The assessor wants you to have a database firewall, but you know it’s not a useful substitute for database encryption? Who cares? Buy the cheapest database firewall you can find, install it, and forget about it. No PCI assessor is going to care whether you actually use it, or if it actually does anything for you.
Richard and others have continued to tell us that Controls are not the solutions to our problems. Similarly, “Security is not a technology problem” is an axiom we’ve long agreed to the wisdom of.
Here’s another one for you today: Risk Management has two components. It’s one part what we’re doing, but it’s also an equal part of “how we’re doing it”. It is a combination of ISMS and Governance, and CMM.

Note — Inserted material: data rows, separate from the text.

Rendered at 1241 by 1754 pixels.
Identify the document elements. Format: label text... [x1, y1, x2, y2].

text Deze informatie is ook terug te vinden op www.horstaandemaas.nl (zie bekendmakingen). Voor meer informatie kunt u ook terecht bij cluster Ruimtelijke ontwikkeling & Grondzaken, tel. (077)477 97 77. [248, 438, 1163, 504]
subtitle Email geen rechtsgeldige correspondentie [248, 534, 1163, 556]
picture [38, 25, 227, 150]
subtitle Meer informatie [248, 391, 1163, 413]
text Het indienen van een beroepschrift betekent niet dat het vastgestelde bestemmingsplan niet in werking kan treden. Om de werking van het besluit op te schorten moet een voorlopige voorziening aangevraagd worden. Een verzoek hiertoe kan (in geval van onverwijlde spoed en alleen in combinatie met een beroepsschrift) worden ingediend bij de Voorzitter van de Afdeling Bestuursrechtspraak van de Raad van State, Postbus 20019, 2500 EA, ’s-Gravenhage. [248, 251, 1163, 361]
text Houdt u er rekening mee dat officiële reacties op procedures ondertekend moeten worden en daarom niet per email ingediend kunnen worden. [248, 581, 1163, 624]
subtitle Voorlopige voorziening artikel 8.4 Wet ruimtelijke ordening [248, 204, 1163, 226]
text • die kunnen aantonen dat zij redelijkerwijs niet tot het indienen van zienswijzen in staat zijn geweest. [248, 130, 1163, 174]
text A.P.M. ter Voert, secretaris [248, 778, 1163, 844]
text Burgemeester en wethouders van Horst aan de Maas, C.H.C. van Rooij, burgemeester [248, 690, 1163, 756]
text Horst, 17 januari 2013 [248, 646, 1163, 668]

And this is where I have to respectfully disagree when I hear others say that security professionals are too overburdened or not smart enough to “do risk models”, or that risk models only have worth to large corporations.
Bullcrap.
Only by using risk management models can anyone understand if they are better today than they were yesterday, or if they’ll be better tomorrow by doing something different. You should be smart and pragmatic enough to understand that patch levels, A/V outputs and scanner output by themselves are only useful in some context. You’re boss certainly is. She’s just waiting for you to give her that context.


shrdlu Jan 11
Gedankenexperiment: What if the one requirement for PCI compliance was “Pass our pentest”?
LonerVamp Jan 16
Amen to that rant, Alex! It’s no wonder the assessment targets weasel, wriggle, and whine to try to get out of doing the things an assessor says they need to do. I’m a firm believer that compliance only aims to raise the lowest denominator, the lowest bar in security. Rather than do nothing, companies do at least a little more than nothing. That’s it. That’s all I see compliance truly doing.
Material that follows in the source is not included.